• _WHAT YOU NEED TO DO_
Start at the line in the entries below that contains "Your answer should be compact. 2.07.", stop at the line that contains "Your answer should be compact. 1.42e+07. In", and output exactly the lines in that span, both ends included.

Collected data entries
-- Opening Marker --
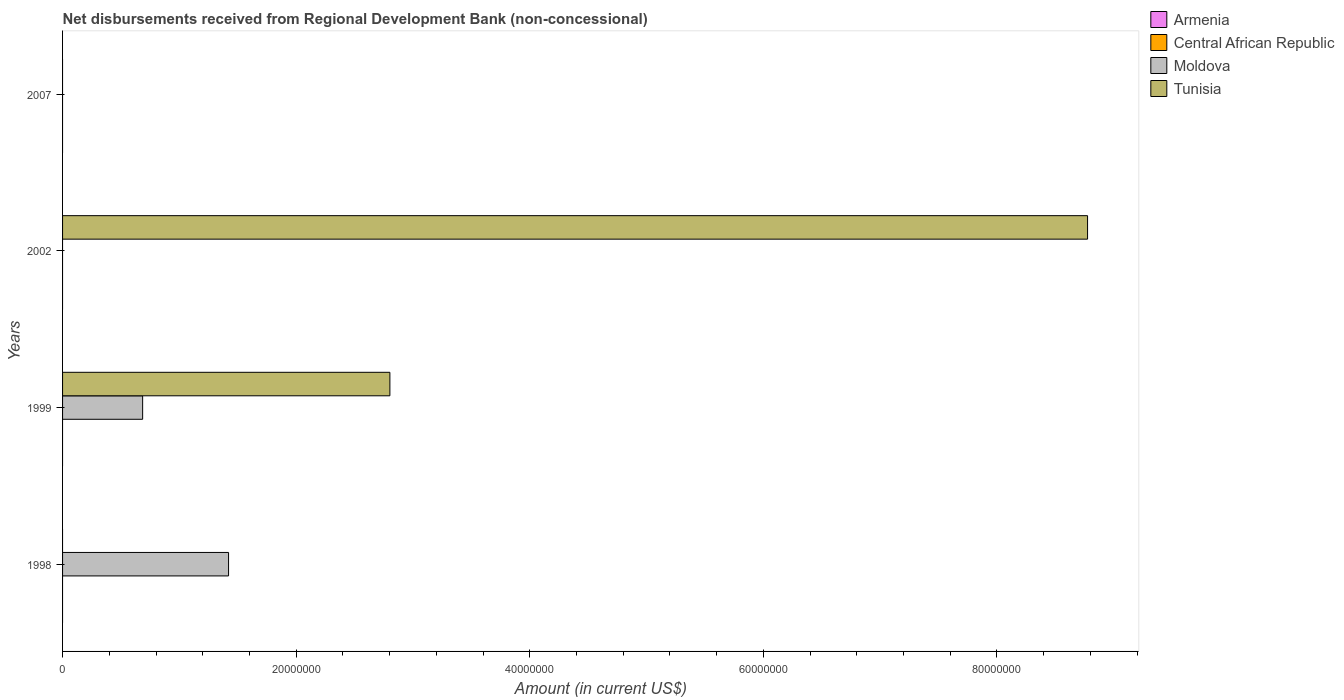How many different coloured bars are there?
Your answer should be compact. 2. What is the label of the 1st group of bars from the top?
Your answer should be very brief. 2007. In how many cases, is the number of bars for a given year not equal to the number of legend labels?
Provide a short and direct response. 4. Across all years, what is the maximum amount of disbursements received from Regional Development Bank in Tunisia?
Provide a succinct answer. 8.78e+07. Across all years, what is the minimum amount of disbursements received from Regional Development Bank in Moldova?
Make the answer very short. 0. What is the difference between the amount of disbursements received from Regional Development Bank in Tunisia in 1999 and that in 2002?
Provide a succinct answer. -5.97e+07. What is the difference between the amount of disbursements received from Regional Development Bank in Central African Republic in 1998 and the amount of disbursements received from Regional Development Bank in Tunisia in 2002?
Offer a terse response. -8.78e+07. What is the average amount of disbursements received from Regional Development Bank in Tunisia per year?
Offer a very short reply. 2.89e+07. In how many years, is the amount of disbursements received from Regional Development Bank in Tunisia greater than 4000000 US$?
Ensure brevity in your answer.  2. What is the ratio of the amount of disbursements received from Regional Development Bank in Moldova in 1998 to that in 1999?
Your answer should be compact. 2.07. What is the difference between the highest and the lowest amount of disbursements received from Regional Development Bank in Moldova?
Your answer should be compact. 1.42e+07. In how many years, is the amount of disbursements received from Regional Development Bank in Armenia greater than the average amount of disbursements received from Regional Development Bank in Armenia taken over all years?
Your answer should be very brief. 0. Is it the case that in every year, the sum of the amount of disbursements received from Regional Development Bank in Central African Republic and amount of disbursements received from Regional Development Bank in Tunisia is greater than the sum of amount of disbursements received from Regional Development Bank in Armenia and amount of disbursements received from Regional Development Bank in Moldova?
Provide a succinct answer. No. Is it the case that in every year, the sum of the amount of disbursements received from Regional Development Bank in Central African Republic and amount of disbursements received from Regional Development Bank in Moldova is greater than the amount of disbursements received from Regional Development Bank in Tunisia?
Keep it short and to the point. No. How many bars are there?
Your response must be concise. 4. Are all the bars in the graph horizontal?
Provide a short and direct response. Yes. How many years are there in the graph?
Provide a short and direct response. 4. What is the difference between two consecutive major ticks on the X-axis?
Provide a short and direct response. 2.00e+07. Are the values on the major ticks of X-axis written in scientific E-notation?
Your response must be concise. No. Does the graph contain any zero values?
Offer a terse response. Yes. Where does the legend appear in the graph?
Ensure brevity in your answer.  Top right. How many legend labels are there?
Ensure brevity in your answer.  4. What is the title of the graph?
Keep it short and to the point. Net disbursements received from Regional Development Bank (non-concessional). Does "Bermuda" appear as one of the legend labels in the graph?
Your response must be concise. No. What is the label or title of the Y-axis?
Provide a succinct answer. Years. What is the Amount (in current US$) in Armenia in 1998?
Your response must be concise. 0. What is the Amount (in current US$) in Central African Republic in 1998?
Offer a terse response. 0. What is the Amount (in current US$) in Moldova in 1998?
Your answer should be compact. 1.42e+07. What is the Amount (in current US$) of Central African Republic in 1999?
Ensure brevity in your answer.  0. What is the Amount (in current US$) in Moldova in 1999?
Make the answer very short. 6.86e+06. What is the Amount (in current US$) of Tunisia in 1999?
Keep it short and to the point. 2.80e+07. What is the Amount (in current US$) of Tunisia in 2002?
Ensure brevity in your answer.  8.78e+07. What is the Amount (in current US$) in Armenia in 2007?
Ensure brevity in your answer.  0. What is the Amount (in current US$) of Central African Republic in 2007?
Make the answer very short. 0. Across all years, what is the maximum Amount (in current US$) in Moldova?
Your response must be concise. 1.42e+07. Across all years, what is the maximum Amount (in current US$) of Tunisia?
Offer a terse response. 8.78e+07. Across all years, what is the minimum Amount (in current US$) of Moldova?
Your response must be concise. 0. What is the total Amount (in current US$) in Central African Republic in the graph?
Your response must be concise. 0. What is the total Amount (in current US$) of Moldova in the graph?
Provide a succinct answer. 2.11e+07. What is the total Amount (in current US$) in Tunisia in the graph?
Ensure brevity in your answer.  1.16e+08. What is the difference between the Amount (in current US$) of Moldova in 1998 and that in 1999?
Offer a very short reply. 7.36e+06. What is the difference between the Amount (in current US$) of Tunisia in 1999 and that in 2002?
Give a very brief answer. -5.97e+07. What is the difference between the Amount (in current US$) in Moldova in 1998 and the Amount (in current US$) in Tunisia in 1999?
Your response must be concise. -1.38e+07. What is the difference between the Amount (in current US$) in Moldova in 1998 and the Amount (in current US$) in Tunisia in 2002?
Your answer should be compact. -7.35e+07. What is the difference between the Amount (in current US$) of Moldova in 1999 and the Amount (in current US$) of Tunisia in 2002?
Offer a very short reply. -8.09e+07. What is the average Amount (in current US$) in Moldova per year?
Give a very brief answer. 5.27e+06. What is the average Amount (in current US$) of Tunisia per year?
Your answer should be very brief. 2.89e+07. In the year 1999, what is the difference between the Amount (in current US$) in Moldova and Amount (in current US$) in Tunisia?
Give a very brief answer. -2.12e+07. What is the ratio of the Amount (in current US$) of Moldova in 1998 to that in 1999?
Keep it short and to the point. 2.07. What is the ratio of the Amount (in current US$) of Tunisia in 1999 to that in 2002?
Provide a succinct answer. 0.32. What is the difference between the highest and the lowest Amount (in current US$) in Moldova?
Your answer should be compact. 1.42e+07. What is the difference between the highest and the lowest Amount (in current US$) in Tunisia?
Ensure brevity in your answer.  8.78e+07.
-- Closing Marker --
• _RESPONSE_
Your answer should be compact. 2.07. What is the difference between the highest and the lowest amount of disbursements received from Regional Development Bank in Moldova?
Your answer should be compact. 1.42e+07. In how many years, is the amount of disbursements received from Regional Development Bank in Armenia greater than the average amount of disbursements received from Regional Development Bank in Armenia taken over all years?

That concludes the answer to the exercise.